Data items:
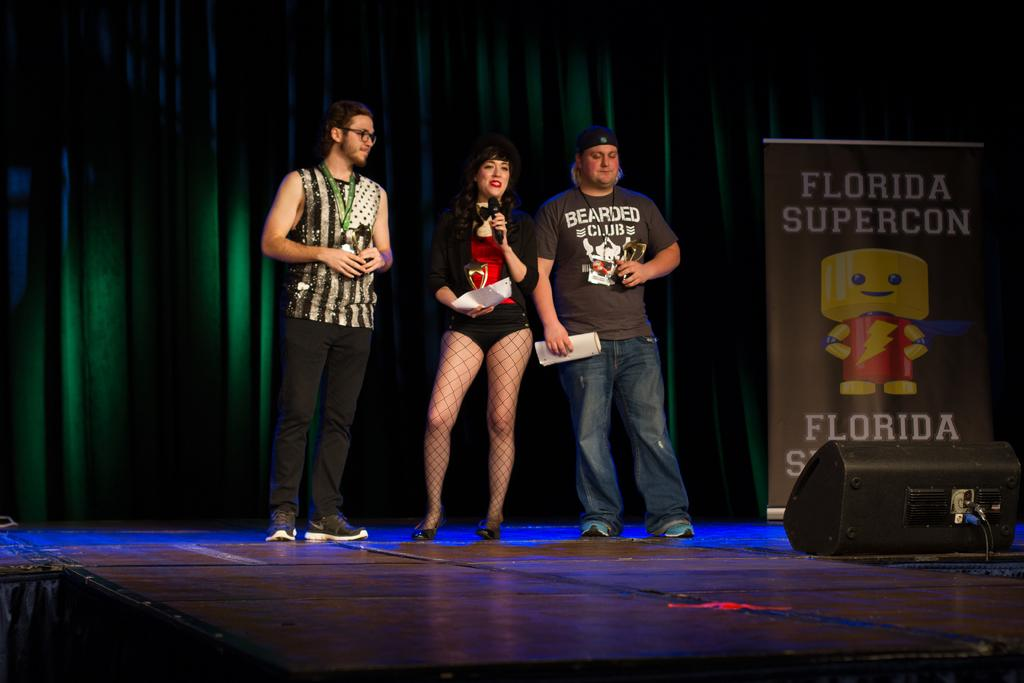<image>
Describe the image concisely. Florida Supercon is displayed from a sign on stage. 
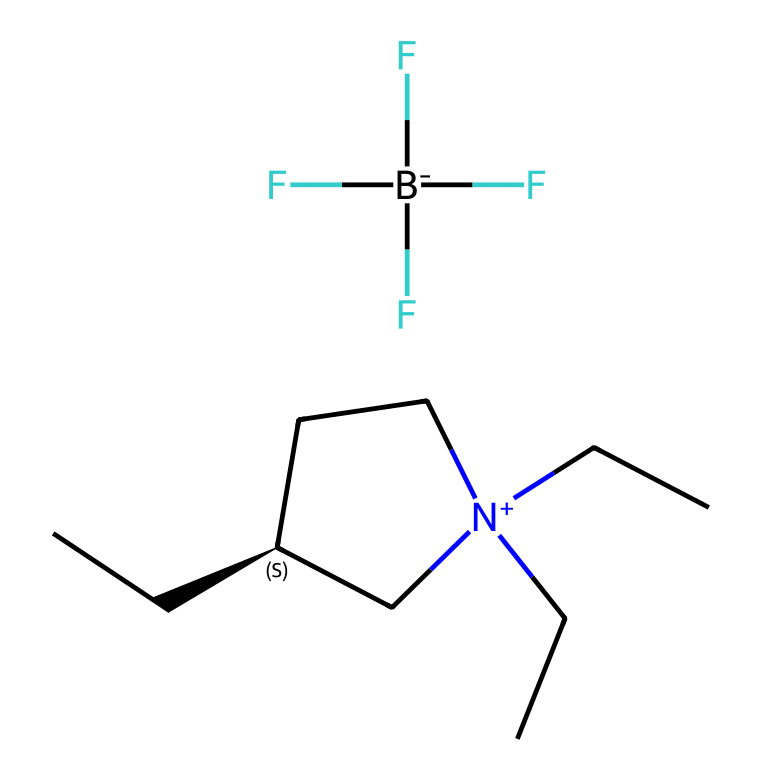How many carbon atoms are in the structure? By analyzing the SMILES representation, we can count each carbon atom explicitly shown in the structure. The '[C@H]' and 'CC' groups indicate carbon atoms. Thus, counting gives a total of 12 carbon atoms.
Answer: 12 What type of ion is represented by [B-](F)(F)(F)F? The '[B-]' notation indicates a negatively charged boron ion, specifically boron tetrafluoride, where boron is bonded to four fluorine atoms.
Answer: boron How many nitrogen atoms are present in the chemical structure? Examining the SMILES representation, the nitrogen atom '[N+]' can be identified. There is one nitrogen atom in this structure.
Answer: 1 What is the charge of the nitrogen atom in this ionic liquid? The '[N+]' notation indicates that the nitrogen atom has a positive charge. Therefore, it is a cation in this ionic liquid.
Answer: positive What kind of functional groups are likely present in this ionic liquid based on its structure? The presence of the '[N+]' indicates a quaternary ammonium group, and the haloalkane indicated by 'F' suggests the presence of halide functional groups. These functional groups are significant in ionic liquids.
Answer: quaternary ammonium and halide Is this ionic liquid likely to be hydrophilic or hydrophobic? The combination of chains from the quaternary ammonium structure generally makes such ionic liquids hydrophobic, as long carbon chains are typically associated with hydrophobic characteristics.
Answer: hydrophobic What is the significance of the fluorine atoms in terms of conductivity? The fluorine atoms contribute to the ionic nature of the compound, which enhances the electrical conductivity essential for conductive coatings. The electronegative fluorine helps stabilize the ionic charge.
Answer: conductivity 
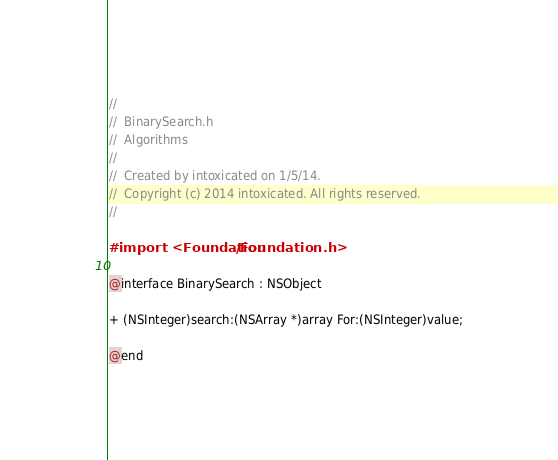Convert code to text. <code><loc_0><loc_0><loc_500><loc_500><_C_>//
//  BinarySearch.h
//  Algorithms
//
//  Created by intoxicated on 1/5/14.
//  Copyright (c) 2014 intoxicated. All rights reserved.
//

#import <Foundation/Foundation.h>

@interface BinarySearch : NSObject

+ (NSInteger)search:(NSArray *)array For:(NSInteger)value;

@end
</code> 
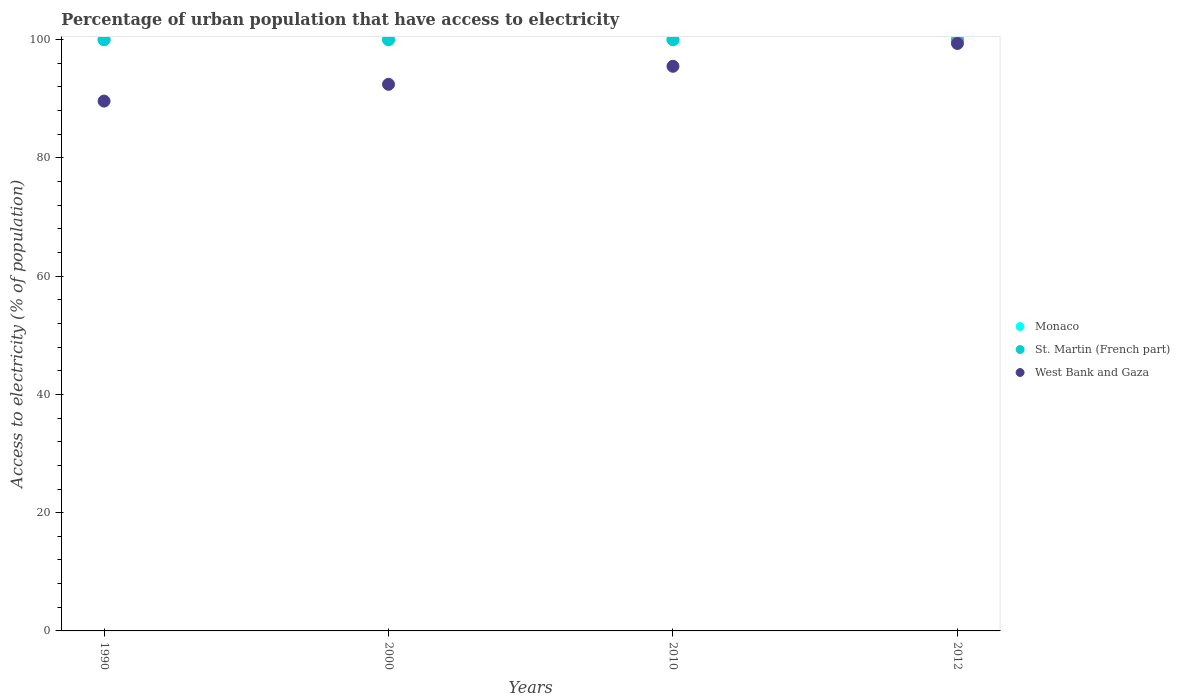Is the number of dotlines equal to the number of legend labels?
Your response must be concise. Yes. What is the percentage of urban population that have access to electricity in West Bank and Gaza in 2010?
Your answer should be compact. 95.5. Across all years, what is the maximum percentage of urban population that have access to electricity in West Bank and Gaza?
Give a very brief answer. 99.35. Across all years, what is the minimum percentage of urban population that have access to electricity in Monaco?
Make the answer very short. 100. In which year was the percentage of urban population that have access to electricity in St. Martin (French part) maximum?
Your response must be concise. 1990. What is the total percentage of urban population that have access to electricity in Monaco in the graph?
Keep it short and to the point. 400. What is the difference between the percentage of urban population that have access to electricity in Monaco in 2010 and that in 2012?
Offer a terse response. 0. What is the difference between the percentage of urban population that have access to electricity in West Bank and Gaza in 2000 and the percentage of urban population that have access to electricity in St. Martin (French part) in 1990?
Ensure brevity in your answer.  -7.55. What is the average percentage of urban population that have access to electricity in West Bank and Gaza per year?
Your response must be concise. 94.22. In the year 2012, what is the difference between the percentage of urban population that have access to electricity in St. Martin (French part) and percentage of urban population that have access to electricity in Monaco?
Provide a succinct answer. 0. In how many years, is the percentage of urban population that have access to electricity in St. Martin (French part) greater than 16 %?
Give a very brief answer. 4. What is the ratio of the percentage of urban population that have access to electricity in West Bank and Gaza in 1990 to that in 2012?
Make the answer very short. 0.9. Is the percentage of urban population that have access to electricity in St. Martin (French part) in 2010 less than that in 2012?
Offer a very short reply. No. Is the difference between the percentage of urban population that have access to electricity in St. Martin (French part) in 2000 and 2012 greater than the difference between the percentage of urban population that have access to electricity in Monaco in 2000 and 2012?
Ensure brevity in your answer.  No. What is the difference between the highest and the second highest percentage of urban population that have access to electricity in St. Martin (French part)?
Your answer should be very brief. 0. What is the difference between the highest and the lowest percentage of urban population that have access to electricity in Monaco?
Keep it short and to the point. 0. Does the percentage of urban population that have access to electricity in Monaco monotonically increase over the years?
Make the answer very short. No. Is the percentage of urban population that have access to electricity in Monaco strictly greater than the percentage of urban population that have access to electricity in West Bank and Gaza over the years?
Your response must be concise. Yes. Is the percentage of urban population that have access to electricity in West Bank and Gaza strictly less than the percentage of urban population that have access to electricity in St. Martin (French part) over the years?
Offer a very short reply. Yes. How many years are there in the graph?
Provide a short and direct response. 4. Are the values on the major ticks of Y-axis written in scientific E-notation?
Provide a succinct answer. No. Does the graph contain any zero values?
Keep it short and to the point. No. Does the graph contain grids?
Offer a very short reply. No. How are the legend labels stacked?
Your answer should be compact. Vertical. What is the title of the graph?
Offer a very short reply. Percentage of urban population that have access to electricity. What is the label or title of the Y-axis?
Offer a terse response. Access to electricity (% of population). What is the Access to electricity (% of population) in West Bank and Gaza in 1990?
Your response must be concise. 89.61. What is the Access to electricity (% of population) of St. Martin (French part) in 2000?
Your answer should be very brief. 100. What is the Access to electricity (% of population) in West Bank and Gaza in 2000?
Your response must be concise. 92.45. What is the Access to electricity (% of population) of St. Martin (French part) in 2010?
Offer a very short reply. 100. What is the Access to electricity (% of population) in West Bank and Gaza in 2010?
Offer a very short reply. 95.5. What is the Access to electricity (% of population) in St. Martin (French part) in 2012?
Provide a succinct answer. 100. What is the Access to electricity (% of population) in West Bank and Gaza in 2012?
Make the answer very short. 99.35. Across all years, what is the maximum Access to electricity (% of population) in Monaco?
Give a very brief answer. 100. Across all years, what is the maximum Access to electricity (% of population) in St. Martin (French part)?
Offer a very short reply. 100. Across all years, what is the maximum Access to electricity (% of population) of West Bank and Gaza?
Your answer should be compact. 99.35. Across all years, what is the minimum Access to electricity (% of population) in Monaco?
Offer a terse response. 100. Across all years, what is the minimum Access to electricity (% of population) in West Bank and Gaza?
Give a very brief answer. 89.61. What is the total Access to electricity (% of population) in Monaco in the graph?
Your answer should be very brief. 400. What is the total Access to electricity (% of population) in St. Martin (French part) in the graph?
Provide a succinct answer. 400. What is the total Access to electricity (% of population) of West Bank and Gaza in the graph?
Your answer should be compact. 376.9. What is the difference between the Access to electricity (% of population) of Monaco in 1990 and that in 2000?
Your answer should be compact. 0. What is the difference between the Access to electricity (% of population) of West Bank and Gaza in 1990 and that in 2000?
Your response must be concise. -2.84. What is the difference between the Access to electricity (% of population) in St. Martin (French part) in 1990 and that in 2010?
Offer a terse response. 0. What is the difference between the Access to electricity (% of population) in West Bank and Gaza in 1990 and that in 2010?
Give a very brief answer. -5.89. What is the difference between the Access to electricity (% of population) of Monaco in 1990 and that in 2012?
Offer a very short reply. 0. What is the difference between the Access to electricity (% of population) in St. Martin (French part) in 1990 and that in 2012?
Provide a short and direct response. 0. What is the difference between the Access to electricity (% of population) in West Bank and Gaza in 1990 and that in 2012?
Give a very brief answer. -9.74. What is the difference between the Access to electricity (% of population) of Monaco in 2000 and that in 2010?
Give a very brief answer. 0. What is the difference between the Access to electricity (% of population) of West Bank and Gaza in 2000 and that in 2010?
Give a very brief answer. -3.05. What is the difference between the Access to electricity (% of population) in St. Martin (French part) in 2000 and that in 2012?
Provide a succinct answer. 0. What is the difference between the Access to electricity (% of population) of West Bank and Gaza in 2000 and that in 2012?
Offer a terse response. -6.9. What is the difference between the Access to electricity (% of population) of Monaco in 2010 and that in 2012?
Offer a very short reply. 0. What is the difference between the Access to electricity (% of population) in St. Martin (French part) in 2010 and that in 2012?
Give a very brief answer. 0. What is the difference between the Access to electricity (% of population) in West Bank and Gaza in 2010 and that in 2012?
Provide a short and direct response. -3.85. What is the difference between the Access to electricity (% of population) in Monaco in 1990 and the Access to electricity (% of population) in West Bank and Gaza in 2000?
Offer a very short reply. 7.55. What is the difference between the Access to electricity (% of population) of St. Martin (French part) in 1990 and the Access to electricity (% of population) of West Bank and Gaza in 2000?
Offer a very short reply. 7.55. What is the difference between the Access to electricity (% of population) of Monaco in 1990 and the Access to electricity (% of population) of West Bank and Gaza in 2010?
Make the answer very short. 4.5. What is the difference between the Access to electricity (% of population) in St. Martin (French part) in 1990 and the Access to electricity (% of population) in West Bank and Gaza in 2010?
Provide a short and direct response. 4.5. What is the difference between the Access to electricity (% of population) of Monaco in 1990 and the Access to electricity (% of population) of St. Martin (French part) in 2012?
Offer a very short reply. 0. What is the difference between the Access to electricity (% of population) in Monaco in 1990 and the Access to electricity (% of population) in West Bank and Gaza in 2012?
Your answer should be compact. 0.65. What is the difference between the Access to electricity (% of population) in St. Martin (French part) in 1990 and the Access to electricity (% of population) in West Bank and Gaza in 2012?
Make the answer very short. 0.65. What is the difference between the Access to electricity (% of population) of Monaco in 2000 and the Access to electricity (% of population) of West Bank and Gaza in 2010?
Make the answer very short. 4.5. What is the difference between the Access to electricity (% of population) of St. Martin (French part) in 2000 and the Access to electricity (% of population) of West Bank and Gaza in 2010?
Keep it short and to the point. 4.5. What is the difference between the Access to electricity (% of population) in Monaco in 2000 and the Access to electricity (% of population) in St. Martin (French part) in 2012?
Keep it short and to the point. 0. What is the difference between the Access to electricity (% of population) in Monaco in 2000 and the Access to electricity (% of population) in West Bank and Gaza in 2012?
Your answer should be compact. 0.65. What is the difference between the Access to electricity (% of population) of St. Martin (French part) in 2000 and the Access to electricity (% of population) of West Bank and Gaza in 2012?
Provide a short and direct response. 0.65. What is the difference between the Access to electricity (% of population) in Monaco in 2010 and the Access to electricity (% of population) in St. Martin (French part) in 2012?
Ensure brevity in your answer.  0. What is the difference between the Access to electricity (% of population) in Monaco in 2010 and the Access to electricity (% of population) in West Bank and Gaza in 2012?
Make the answer very short. 0.65. What is the difference between the Access to electricity (% of population) of St. Martin (French part) in 2010 and the Access to electricity (% of population) of West Bank and Gaza in 2012?
Provide a succinct answer. 0.65. What is the average Access to electricity (% of population) in West Bank and Gaza per year?
Your answer should be very brief. 94.22. In the year 1990, what is the difference between the Access to electricity (% of population) in Monaco and Access to electricity (% of population) in St. Martin (French part)?
Provide a succinct answer. 0. In the year 1990, what is the difference between the Access to electricity (% of population) of Monaco and Access to electricity (% of population) of West Bank and Gaza?
Keep it short and to the point. 10.39. In the year 1990, what is the difference between the Access to electricity (% of population) of St. Martin (French part) and Access to electricity (% of population) of West Bank and Gaza?
Provide a succinct answer. 10.39. In the year 2000, what is the difference between the Access to electricity (% of population) in Monaco and Access to electricity (% of population) in St. Martin (French part)?
Offer a terse response. 0. In the year 2000, what is the difference between the Access to electricity (% of population) in Monaco and Access to electricity (% of population) in West Bank and Gaza?
Ensure brevity in your answer.  7.55. In the year 2000, what is the difference between the Access to electricity (% of population) in St. Martin (French part) and Access to electricity (% of population) in West Bank and Gaza?
Keep it short and to the point. 7.55. In the year 2010, what is the difference between the Access to electricity (% of population) in Monaco and Access to electricity (% of population) in St. Martin (French part)?
Offer a very short reply. 0. In the year 2010, what is the difference between the Access to electricity (% of population) in Monaco and Access to electricity (% of population) in West Bank and Gaza?
Give a very brief answer. 4.5. In the year 2010, what is the difference between the Access to electricity (% of population) of St. Martin (French part) and Access to electricity (% of population) of West Bank and Gaza?
Offer a terse response. 4.5. In the year 2012, what is the difference between the Access to electricity (% of population) in Monaco and Access to electricity (% of population) in St. Martin (French part)?
Make the answer very short. 0. In the year 2012, what is the difference between the Access to electricity (% of population) in Monaco and Access to electricity (% of population) in West Bank and Gaza?
Provide a short and direct response. 0.65. In the year 2012, what is the difference between the Access to electricity (% of population) in St. Martin (French part) and Access to electricity (% of population) in West Bank and Gaza?
Provide a short and direct response. 0.65. What is the ratio of the Access to electricity (% of population) of West Bank and Gaza in 1990 to that in 2000?
Ensure brevity in your answer.  0.97. What is the ratio of the Access to electricity (% of population) of St. Martin (French part) in 1990 to that in 2010?
Your answer should be compact. 1. What is the ratio of the Access to electricity (% of population) of West Bank and Gaza in 1990 to that in 2010?
Ensure brevity in your answer.  0.94. What is the ratio of the Access to electricity (% of population) of West Bank and Gaza in 1990 to that in 2012?
Offer a terse response. 0.9. What is the ratio of the Access to electricity (% of population) in Monaco in 2000 to that in 2010?
Your answer should be compact. 1. What is the ratio of the Access to electricity (% of population) in St. Martin (French part) in 2000 to that in 2010?
Provide a succinct answer. 1. What is the ratio of the Access to electricity (% of population) in West Bank and Gaza in 2000 to that in 2010?
Give a very brief answer. 0.97. What is the ratio of the Access to electricity (% of population) in Monaco in 2000 to that in 2012?
Your answer should be very brief. 1. What is the ratio of the Access to electricity (% of population) of St. Martin (French part) in 2000 to that in 2012?
Keep it short and to the point. 1. What is the ratio of the Access to electricity (% of population) in West Bank and Gaza in 2000 to that in 2012?
Ensure brevity in your answer.  0.93. What is the ratio of the Access to electricity (% of population) of Monaco in 2010 to that in 2012?
Your answer should be very brief. 1. What is the ratio of the Access to electricity (% of population) in West Bank and Gaza in 2010 to that in 2012?
Keep it short and to the point. 0.96. What is the difference between the highest and the second highest Access to electricity (% of population) of West Bank and Gaza?
Keep it short and to the point. 3.85. What is the difference between the highest and the lowest Access to electricity (% of population) of West Bank and Gaza?
Offer a very short reply. 9.74. 
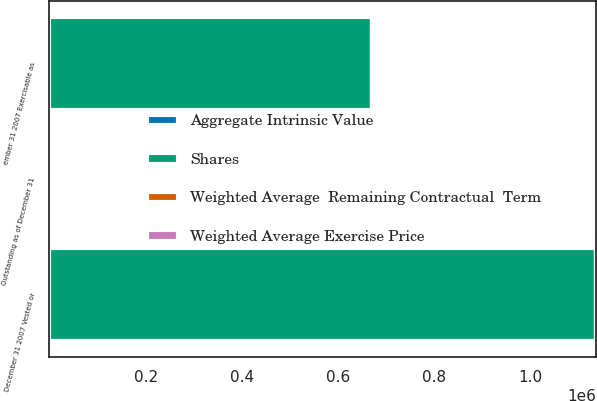Convert chart. <chart><loc_0><loc_0><loc_500><loc_500><stacked_bar_chart><ecel><fcel>Outstanding as of December 31<fcel>December 31 2007 Vested or<fcel>ember 31 2007 Exercisable as<nl><fcel>Shares<fcel>10<fcel>1.13609e+06<fcel>670561<nl><fcel>Weighted Average  Remaining Contractual  Term<fcel>49.42<fcel>49.39<fcel>48.15<nl><fcel>Aggregate Intrinsic Value<fcel>4.93<fcel>5.03<fcel>4.28<nl><fcel>Weighted Average Exercise Price<fcel>10<fcel>10<fcel>7<nl></chart> 
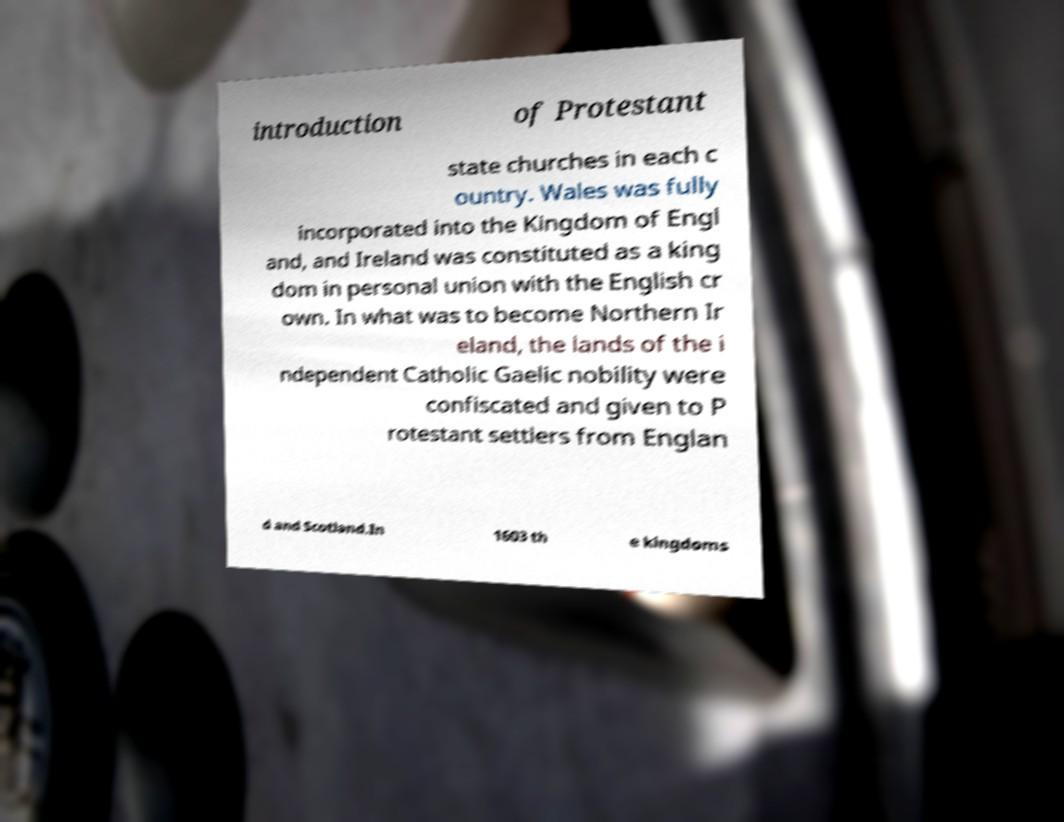Can you read and provide the text displayed in the image?This photo seems to have some interesting text. Can you extract and type it out for me? introduction of Protestant state churches in each c ountry. Wales was fully incorporated into the Kingdom of Engl and, and Ireland was constituted as a king dom in personal union with the English cr own. In what was to become Northern Ir eland, the lands of the i ndependent Catholic Gaelic nobility were confiscated and given to P rotestant settlers from Englan d and Scotland.In 1603 th e kingdoms

EXERCISE DIRECTIONS:
Please give an exact copy of the entries above, from the line with "Provide a succinct answer. No." down to the line with "Offer a very short reply. Percentage", inclusive, and nothing else.

ANSWER TO THE PROBLEM:
Provide a succinct answer. No. Does the graph contain any zero values?
Keep it short and to the point. No. Does the graph contain grids?
Offer a very short reply. No. How are the legend labels stacked?
Your answer should be compact. Vertical. What is the title of the graph?
Offer a very short reply. Percentage of urban population that have access to electricity. What is the label or title of the Y-axis?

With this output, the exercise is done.